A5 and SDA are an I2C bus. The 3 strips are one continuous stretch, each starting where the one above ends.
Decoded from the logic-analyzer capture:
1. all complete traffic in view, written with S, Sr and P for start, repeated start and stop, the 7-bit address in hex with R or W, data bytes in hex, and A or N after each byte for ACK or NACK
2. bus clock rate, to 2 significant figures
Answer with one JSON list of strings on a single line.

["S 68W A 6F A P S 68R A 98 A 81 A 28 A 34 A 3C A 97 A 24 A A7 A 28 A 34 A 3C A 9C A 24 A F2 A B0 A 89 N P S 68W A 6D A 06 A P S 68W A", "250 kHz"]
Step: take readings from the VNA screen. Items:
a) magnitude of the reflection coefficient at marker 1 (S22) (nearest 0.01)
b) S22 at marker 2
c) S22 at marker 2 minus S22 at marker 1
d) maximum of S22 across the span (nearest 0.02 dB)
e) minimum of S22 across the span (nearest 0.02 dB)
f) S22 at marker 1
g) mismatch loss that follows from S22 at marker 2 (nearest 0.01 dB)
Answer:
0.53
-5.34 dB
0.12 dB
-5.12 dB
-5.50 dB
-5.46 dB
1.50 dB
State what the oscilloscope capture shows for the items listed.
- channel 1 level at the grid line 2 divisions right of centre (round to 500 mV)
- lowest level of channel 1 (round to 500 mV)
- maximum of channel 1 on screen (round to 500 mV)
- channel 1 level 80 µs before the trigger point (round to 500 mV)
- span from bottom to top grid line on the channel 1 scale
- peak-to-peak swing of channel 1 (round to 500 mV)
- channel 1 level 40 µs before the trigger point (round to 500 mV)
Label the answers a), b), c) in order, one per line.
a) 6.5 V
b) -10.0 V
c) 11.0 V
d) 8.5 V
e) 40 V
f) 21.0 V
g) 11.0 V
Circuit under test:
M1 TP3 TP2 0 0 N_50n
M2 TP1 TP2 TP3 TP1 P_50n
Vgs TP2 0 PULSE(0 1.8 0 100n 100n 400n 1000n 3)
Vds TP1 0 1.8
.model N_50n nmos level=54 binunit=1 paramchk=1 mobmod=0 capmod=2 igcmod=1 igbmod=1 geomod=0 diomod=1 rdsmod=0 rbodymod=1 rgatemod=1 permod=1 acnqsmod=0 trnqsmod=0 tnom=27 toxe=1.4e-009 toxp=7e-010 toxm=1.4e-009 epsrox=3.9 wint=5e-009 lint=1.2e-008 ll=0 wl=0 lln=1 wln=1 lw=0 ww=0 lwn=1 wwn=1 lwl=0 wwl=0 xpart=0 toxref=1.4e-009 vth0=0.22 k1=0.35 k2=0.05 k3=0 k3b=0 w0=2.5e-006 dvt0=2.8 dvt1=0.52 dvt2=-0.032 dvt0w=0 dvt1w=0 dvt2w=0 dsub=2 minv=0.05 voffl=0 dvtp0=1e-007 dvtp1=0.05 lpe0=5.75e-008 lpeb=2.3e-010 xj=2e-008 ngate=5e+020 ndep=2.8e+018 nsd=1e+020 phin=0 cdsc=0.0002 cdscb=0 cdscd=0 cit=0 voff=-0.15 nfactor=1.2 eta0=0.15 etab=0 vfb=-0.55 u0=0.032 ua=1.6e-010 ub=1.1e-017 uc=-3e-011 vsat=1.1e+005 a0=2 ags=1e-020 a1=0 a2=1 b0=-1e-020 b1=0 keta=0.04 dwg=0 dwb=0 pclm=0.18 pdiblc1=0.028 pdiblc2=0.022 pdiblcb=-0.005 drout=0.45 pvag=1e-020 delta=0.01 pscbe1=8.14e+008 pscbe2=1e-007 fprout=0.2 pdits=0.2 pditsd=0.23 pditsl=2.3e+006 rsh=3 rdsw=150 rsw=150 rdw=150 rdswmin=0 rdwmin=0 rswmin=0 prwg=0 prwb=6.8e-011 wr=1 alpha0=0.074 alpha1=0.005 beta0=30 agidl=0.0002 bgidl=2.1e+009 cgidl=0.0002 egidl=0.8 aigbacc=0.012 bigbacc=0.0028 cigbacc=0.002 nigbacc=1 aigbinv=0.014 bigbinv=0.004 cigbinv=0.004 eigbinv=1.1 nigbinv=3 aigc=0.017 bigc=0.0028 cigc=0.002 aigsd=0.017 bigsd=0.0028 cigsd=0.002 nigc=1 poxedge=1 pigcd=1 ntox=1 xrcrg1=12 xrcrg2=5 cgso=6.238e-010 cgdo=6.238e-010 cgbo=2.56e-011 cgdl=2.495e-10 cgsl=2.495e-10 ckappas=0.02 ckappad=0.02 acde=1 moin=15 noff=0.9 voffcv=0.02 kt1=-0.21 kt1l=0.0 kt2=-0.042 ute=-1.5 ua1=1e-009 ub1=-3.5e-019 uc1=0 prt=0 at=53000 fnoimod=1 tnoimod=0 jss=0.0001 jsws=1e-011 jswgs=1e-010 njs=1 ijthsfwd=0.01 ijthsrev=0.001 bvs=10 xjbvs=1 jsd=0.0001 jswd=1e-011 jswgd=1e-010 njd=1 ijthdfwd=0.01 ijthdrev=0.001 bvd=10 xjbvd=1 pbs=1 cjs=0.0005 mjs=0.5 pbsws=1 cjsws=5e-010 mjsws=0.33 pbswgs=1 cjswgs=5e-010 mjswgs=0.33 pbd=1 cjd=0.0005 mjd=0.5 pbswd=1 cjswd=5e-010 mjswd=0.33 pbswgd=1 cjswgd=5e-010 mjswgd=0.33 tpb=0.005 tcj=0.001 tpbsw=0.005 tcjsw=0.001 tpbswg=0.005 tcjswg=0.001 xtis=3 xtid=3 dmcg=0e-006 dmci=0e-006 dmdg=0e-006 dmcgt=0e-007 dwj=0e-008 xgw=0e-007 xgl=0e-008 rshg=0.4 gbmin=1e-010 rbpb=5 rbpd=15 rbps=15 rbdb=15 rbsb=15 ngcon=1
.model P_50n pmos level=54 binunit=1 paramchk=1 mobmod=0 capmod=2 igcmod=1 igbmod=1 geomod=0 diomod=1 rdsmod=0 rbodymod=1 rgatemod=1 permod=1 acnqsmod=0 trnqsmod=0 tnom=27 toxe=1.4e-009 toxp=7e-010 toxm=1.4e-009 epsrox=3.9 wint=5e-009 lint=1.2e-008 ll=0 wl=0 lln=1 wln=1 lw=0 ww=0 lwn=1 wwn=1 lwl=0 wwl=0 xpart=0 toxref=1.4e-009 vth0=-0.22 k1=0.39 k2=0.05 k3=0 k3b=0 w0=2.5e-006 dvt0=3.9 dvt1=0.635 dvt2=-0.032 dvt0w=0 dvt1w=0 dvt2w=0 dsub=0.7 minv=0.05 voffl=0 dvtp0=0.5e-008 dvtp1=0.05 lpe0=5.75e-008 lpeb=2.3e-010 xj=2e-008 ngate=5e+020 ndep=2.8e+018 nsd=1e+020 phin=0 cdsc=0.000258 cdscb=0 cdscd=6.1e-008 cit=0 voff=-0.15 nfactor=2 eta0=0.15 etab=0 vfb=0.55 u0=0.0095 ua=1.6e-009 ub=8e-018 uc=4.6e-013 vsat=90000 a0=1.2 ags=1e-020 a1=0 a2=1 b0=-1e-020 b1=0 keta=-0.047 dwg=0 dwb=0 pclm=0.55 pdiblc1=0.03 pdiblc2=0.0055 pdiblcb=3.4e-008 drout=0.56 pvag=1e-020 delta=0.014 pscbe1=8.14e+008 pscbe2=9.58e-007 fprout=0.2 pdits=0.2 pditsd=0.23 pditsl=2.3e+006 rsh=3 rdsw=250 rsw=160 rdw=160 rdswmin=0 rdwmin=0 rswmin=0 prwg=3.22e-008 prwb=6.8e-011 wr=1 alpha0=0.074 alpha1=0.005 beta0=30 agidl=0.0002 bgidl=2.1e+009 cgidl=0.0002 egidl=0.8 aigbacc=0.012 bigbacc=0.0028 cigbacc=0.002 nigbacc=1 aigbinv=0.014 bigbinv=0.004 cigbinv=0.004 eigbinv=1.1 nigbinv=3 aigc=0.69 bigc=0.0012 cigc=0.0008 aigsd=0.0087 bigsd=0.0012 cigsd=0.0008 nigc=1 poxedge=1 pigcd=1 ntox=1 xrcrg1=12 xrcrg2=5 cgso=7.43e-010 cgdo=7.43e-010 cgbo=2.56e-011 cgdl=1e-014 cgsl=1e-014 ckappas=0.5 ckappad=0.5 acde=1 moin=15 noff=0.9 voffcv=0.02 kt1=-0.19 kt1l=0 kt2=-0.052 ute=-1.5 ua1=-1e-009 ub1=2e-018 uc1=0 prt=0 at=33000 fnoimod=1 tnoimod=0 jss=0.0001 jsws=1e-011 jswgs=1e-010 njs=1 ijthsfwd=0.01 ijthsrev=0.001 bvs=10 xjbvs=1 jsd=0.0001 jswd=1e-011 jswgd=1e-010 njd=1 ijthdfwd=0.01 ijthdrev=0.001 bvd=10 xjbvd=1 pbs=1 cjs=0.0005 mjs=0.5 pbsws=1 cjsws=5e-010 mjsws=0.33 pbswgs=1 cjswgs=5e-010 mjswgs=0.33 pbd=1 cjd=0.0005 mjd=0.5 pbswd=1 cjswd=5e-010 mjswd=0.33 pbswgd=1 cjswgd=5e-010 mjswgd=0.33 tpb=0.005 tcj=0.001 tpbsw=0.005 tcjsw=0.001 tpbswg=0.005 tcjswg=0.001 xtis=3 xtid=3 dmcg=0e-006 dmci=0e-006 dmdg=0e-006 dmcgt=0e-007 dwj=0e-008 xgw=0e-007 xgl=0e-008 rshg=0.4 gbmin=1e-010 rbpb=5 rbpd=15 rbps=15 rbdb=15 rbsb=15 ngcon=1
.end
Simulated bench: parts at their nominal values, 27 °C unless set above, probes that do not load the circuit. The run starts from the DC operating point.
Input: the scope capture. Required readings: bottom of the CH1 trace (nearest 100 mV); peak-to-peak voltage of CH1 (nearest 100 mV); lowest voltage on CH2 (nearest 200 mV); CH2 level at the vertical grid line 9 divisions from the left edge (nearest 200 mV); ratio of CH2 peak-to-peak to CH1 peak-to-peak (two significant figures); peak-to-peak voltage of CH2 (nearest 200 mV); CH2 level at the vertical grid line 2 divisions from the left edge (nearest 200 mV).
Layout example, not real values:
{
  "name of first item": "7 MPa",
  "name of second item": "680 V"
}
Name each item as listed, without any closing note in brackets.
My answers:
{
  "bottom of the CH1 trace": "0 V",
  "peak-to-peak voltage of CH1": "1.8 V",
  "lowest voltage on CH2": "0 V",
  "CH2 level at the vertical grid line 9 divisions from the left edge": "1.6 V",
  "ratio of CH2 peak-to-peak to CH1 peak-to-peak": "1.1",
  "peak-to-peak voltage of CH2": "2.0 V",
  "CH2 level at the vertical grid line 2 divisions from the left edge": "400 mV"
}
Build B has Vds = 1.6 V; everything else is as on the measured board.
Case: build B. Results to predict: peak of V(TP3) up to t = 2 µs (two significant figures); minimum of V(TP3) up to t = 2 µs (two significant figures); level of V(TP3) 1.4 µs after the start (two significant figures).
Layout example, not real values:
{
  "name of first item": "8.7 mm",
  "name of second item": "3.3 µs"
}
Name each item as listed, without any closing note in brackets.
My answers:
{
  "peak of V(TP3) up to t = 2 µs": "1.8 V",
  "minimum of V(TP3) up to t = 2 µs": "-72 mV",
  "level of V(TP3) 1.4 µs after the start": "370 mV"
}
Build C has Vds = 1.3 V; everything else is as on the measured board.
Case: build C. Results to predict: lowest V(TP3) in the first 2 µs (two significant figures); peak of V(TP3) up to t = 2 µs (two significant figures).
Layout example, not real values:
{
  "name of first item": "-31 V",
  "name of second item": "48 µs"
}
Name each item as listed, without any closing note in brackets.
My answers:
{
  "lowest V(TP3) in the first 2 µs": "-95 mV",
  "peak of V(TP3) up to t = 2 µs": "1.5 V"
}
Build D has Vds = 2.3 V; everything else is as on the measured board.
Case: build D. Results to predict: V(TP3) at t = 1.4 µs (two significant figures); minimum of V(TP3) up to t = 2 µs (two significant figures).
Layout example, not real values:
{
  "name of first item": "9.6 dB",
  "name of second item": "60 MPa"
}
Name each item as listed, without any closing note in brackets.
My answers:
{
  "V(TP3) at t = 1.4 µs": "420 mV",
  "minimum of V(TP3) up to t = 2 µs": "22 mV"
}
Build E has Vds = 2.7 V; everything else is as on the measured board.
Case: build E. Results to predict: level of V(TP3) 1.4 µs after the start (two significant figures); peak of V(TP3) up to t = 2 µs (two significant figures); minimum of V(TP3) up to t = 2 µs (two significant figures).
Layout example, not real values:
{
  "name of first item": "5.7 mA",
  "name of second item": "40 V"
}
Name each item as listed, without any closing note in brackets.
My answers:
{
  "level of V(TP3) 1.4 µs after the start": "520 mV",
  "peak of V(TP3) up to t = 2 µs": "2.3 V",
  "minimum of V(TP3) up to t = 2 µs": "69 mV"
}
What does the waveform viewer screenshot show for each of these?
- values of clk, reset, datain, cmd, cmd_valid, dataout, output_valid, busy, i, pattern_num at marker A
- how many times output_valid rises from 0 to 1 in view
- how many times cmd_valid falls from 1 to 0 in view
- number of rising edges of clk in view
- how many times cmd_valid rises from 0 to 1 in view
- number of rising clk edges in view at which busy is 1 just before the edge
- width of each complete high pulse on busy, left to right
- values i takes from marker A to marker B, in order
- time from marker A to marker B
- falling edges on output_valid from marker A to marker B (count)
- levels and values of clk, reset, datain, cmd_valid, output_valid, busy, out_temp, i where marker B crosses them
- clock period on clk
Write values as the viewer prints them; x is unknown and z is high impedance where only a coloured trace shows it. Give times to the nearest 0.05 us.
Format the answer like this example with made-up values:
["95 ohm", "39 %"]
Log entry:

-=-=-

■ Exercise description
Nothing but the lines from the beginning of the records through the line with "f) S22 at marker 1" should appear, each printed exactly.

■ Answer to this exercise
A5 and SDA are an I2C bus. The 3 strips are one continuous stretch, each starting where the one above ends.
Decoded from the logic-analyzer capture:
1. all complete traffic in view, written with S, Sr and P for start, repeated start and stop, the 7-bit address in hex with R or W, data bytes in hex, and A or N after each byte for ACK or NACK
2. bus clock rate, to 2 significant figures
Answer with one JSON list of strings on a single line.

["S 68W A 6F A P S 68R A 98 A 81 A 28 A 34 A 3C A 97 A 24 A A7 A 28 A 34 A 3C A 9C A 24 A F2 A B0 A 89 N P S 68W A 6D A 06 A P S 68W A", "250 kHz"]
Step: take readings from the VNA screen. Items:
a) magnitude of the reflection coefficient at marker 1 (S22) (nearest 0.01)
b) S22 at marker 2
c) S22 at marker 2 minus S22 at marker 1
d) maximum of S22 across the span (nearest 0.02 dB)
e) minimum of S22 across the span (nearest 0.02 dB)
f) S22 at marker 1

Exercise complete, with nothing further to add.